EXERCISE MATERIAL below:
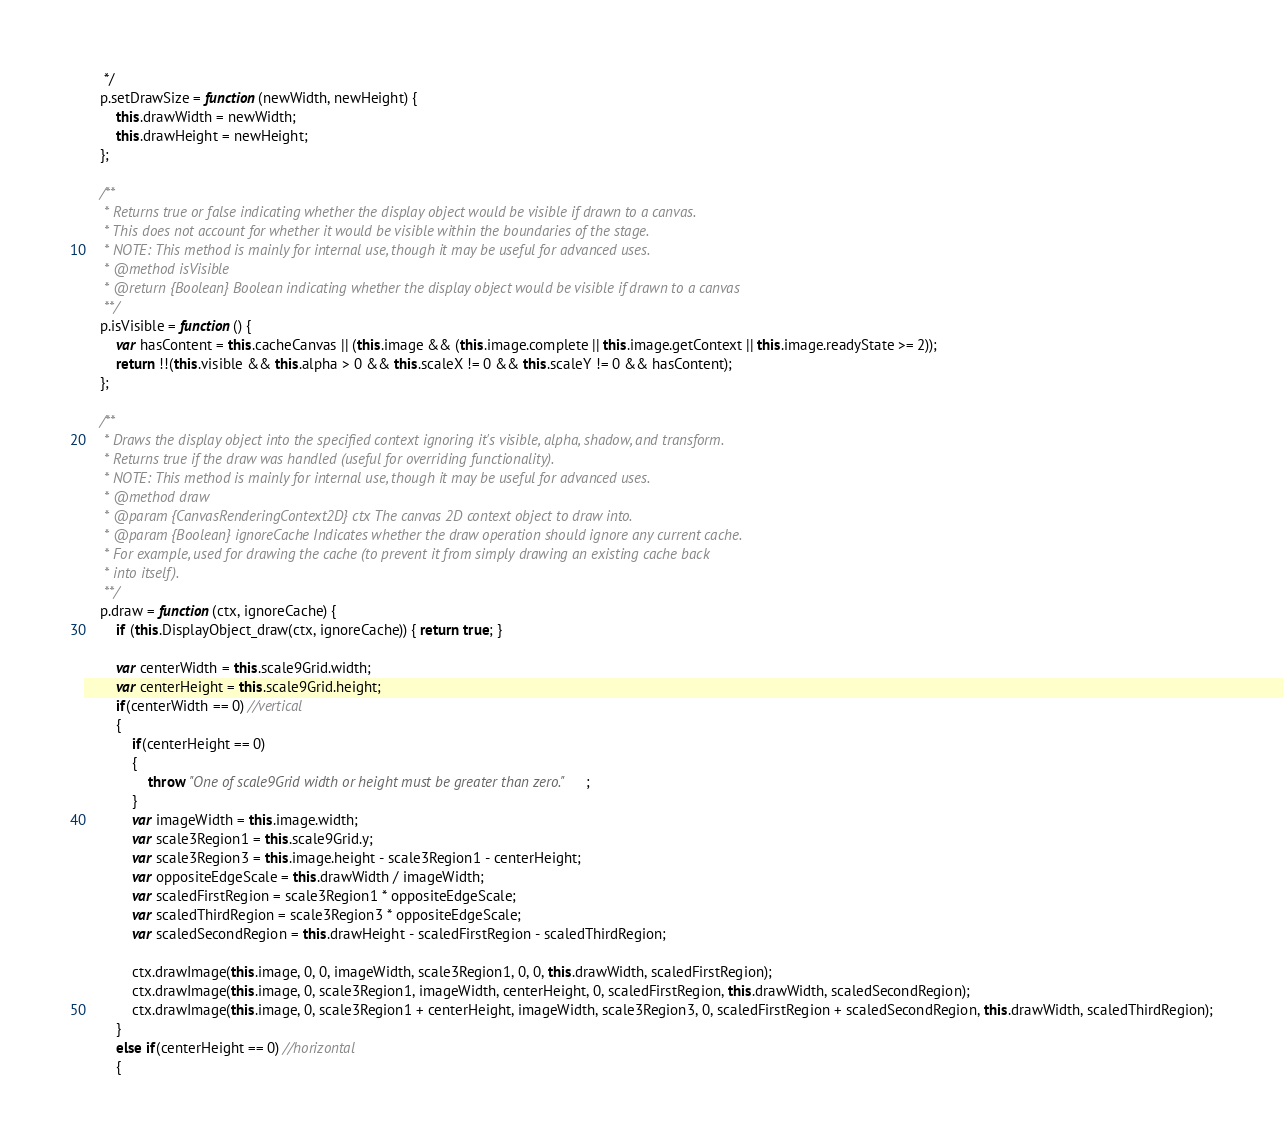<code> <loc_0><loc_0><loc_500><loc_500><_JavaScript_>	 */
	p.setDrawSize = function(newWidth, newHeight) {
		this.drawWidth = newWidth;
		this.drawHeight = newHeight;
	};

	/**
	 * Returns true or false indicating whether the display object would be visible if drawn to a canvas.
	 * This does not account for whether it would be visible within the boundaries of the stage.
	 * NOTE: This method is mainly for internal use, though it may be useful for advanced uses.
	 * @method isVisible
	 * @return {Boolean} Boolean indicating whether the display object would be visible if drawn to a canvas
	 **/
	p.isVisible = function() {
		var hasContent = this.cacheCanvas || (this.image && (this.image.complete || this.image.getContext || this.image.readyState >= 2));
		return !!(this.visible && this.alpha > 0 && this.scaleX != 0 && this.scaleY != 0 && hasContent);
	};

	/**
	 * Draws the display object into the specified context ignoring it's visible, alpha, shadow, and transform.
	 * Returns true if the draw was handled (useful for overriding functionality).
	 * NOTE: This method is mainly for internal use, though it may be useful for advanced uses.
	 * @method draw
	 * @param {CanvasRenderingContext2D} ctx The canvas 2D context object to draw into.
	 * @param {Boolean} ignoreCache Indicates whether the draw operation should ignore any current cache.
	 * For example, used for drawing the cache (to prevent it from simply drawing an existing cache back
	 * into itself).
	 **/
	p.draw = function(ctx, ignoreCache) {
		if (this.DisplayObject_draw(ctx, ignoreCache)) { return true; }

		var centerWidth = this.scale9Grid.width;
		var centerHeight = this.scale9Grid.height;
		if(centerWidth == 0) //vertical
		{
			if(centerHeight == 0)
			{
				throw "One of scale9Grid width or height must be greater than zero.";
			}
			var imageWidth = this.image.width;
			var scale3Region1 = this.scale9Grid.y;
			var scale3Region3 = this.image.height - scale3Region1 - centerHeight;
			var oppositeEdgeScale = this.drawWidth / imageWidth;
			var scaledFirstRegion = scale3Region1 * oppositeEdgeScale;
			var scaledThirdRegion = scale3Region3 * oppositeEdgeScale;
			var scaledSecondRegion = this.drawHeight - scaledFirstRegion - scaledThirdRegion;

			ctx.drawImage(this.image, 0, 0, imageWidth, scale3Region1, 0, 0, this.drawWidth, scaledFirstRegion);
			ctx.drawImage(this.image, 0, scale3Region1, imageWidth, centerHeight, 0, scaledFirstRegion, this.drawWidth, scaledSecondRegion);
			ctx.drawImage(this.image, 0, scale3Region1 + centerHeight, imageWidth, scale3Region3, 0, scaledFirstRegion + scaledSecondRegion, this.drawWidth, scaledThirdRegion);
		}
		else if(centerHeight == 0) //horizontal
		{</code> 
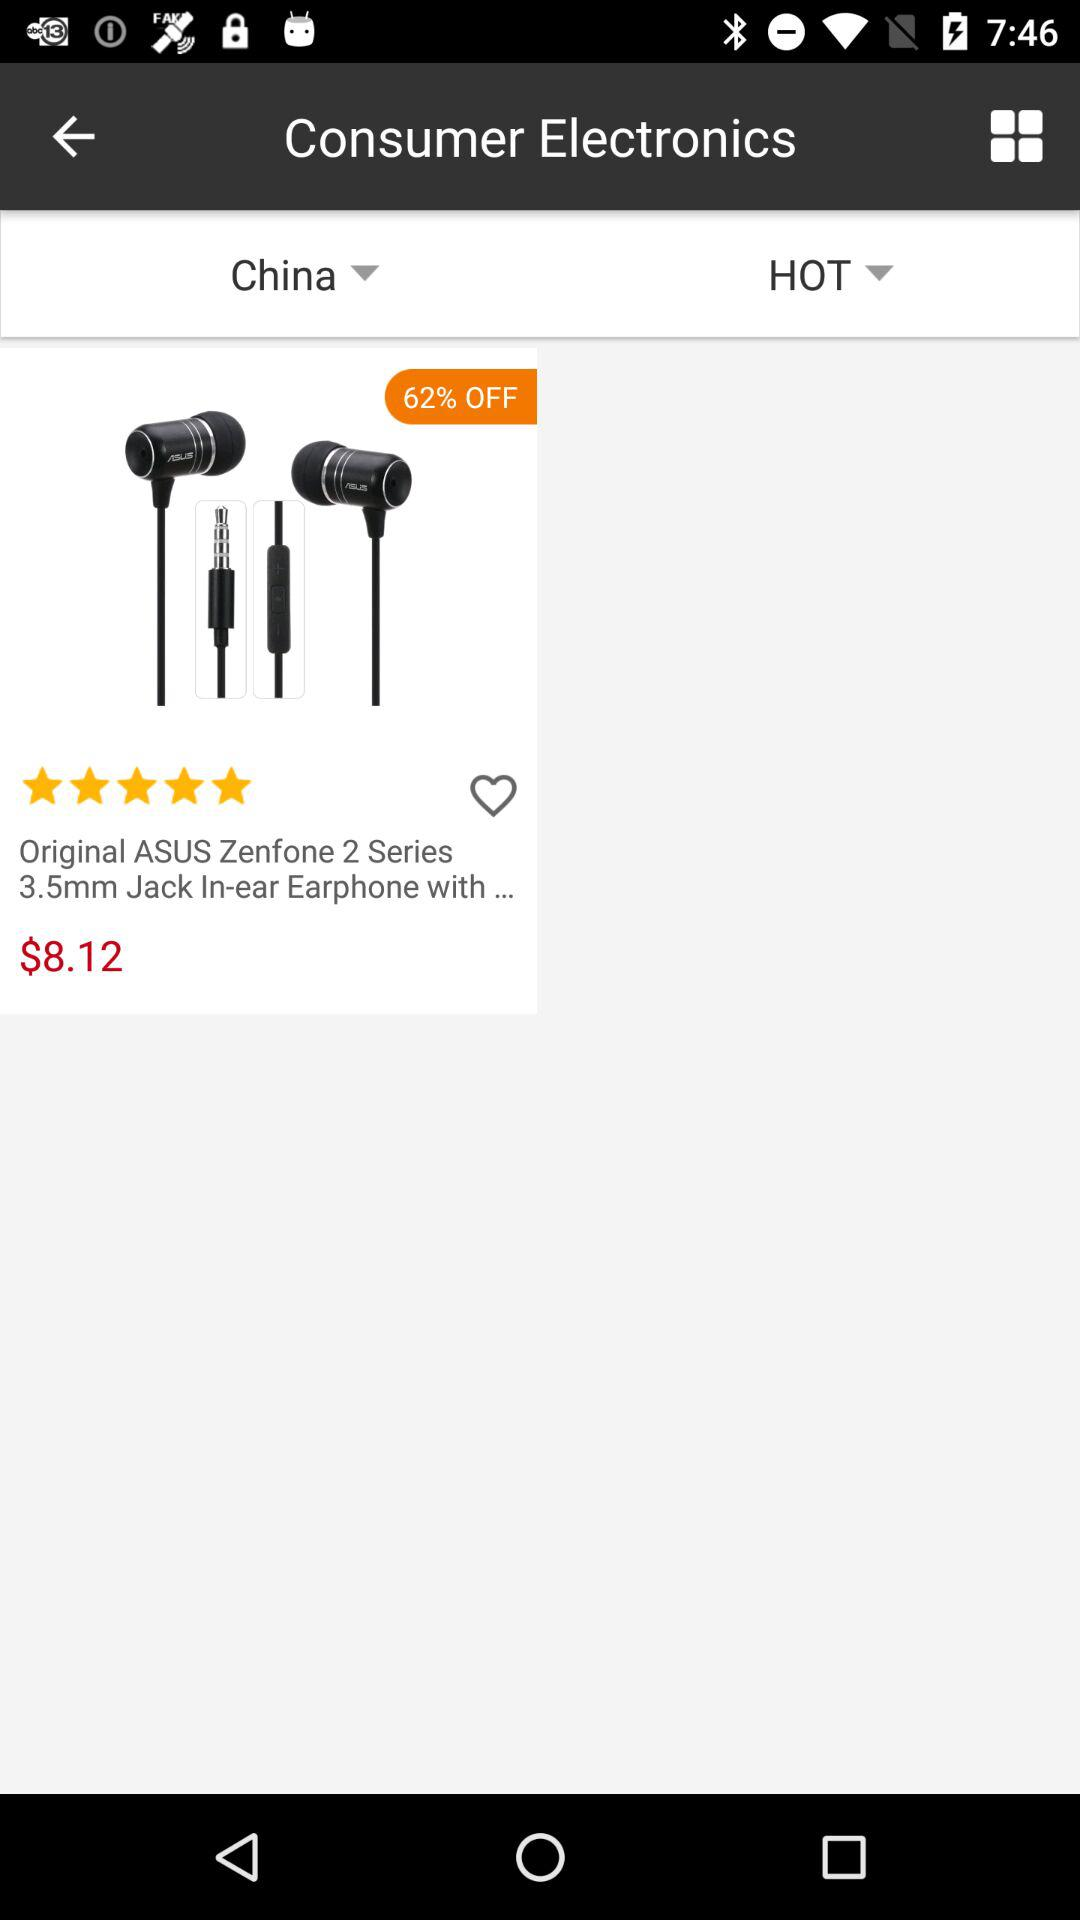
End of EXERCISE MATERIAL.
Look over the records above, and wherever a line contains the string "Returns", copy that line.

# WRITTEN SOLUTION
	 * Returns true or false indicating whether the display object would be visible if drawn to a canvas.
	 * Returns true if the draw was handled (useful for overriding functionality).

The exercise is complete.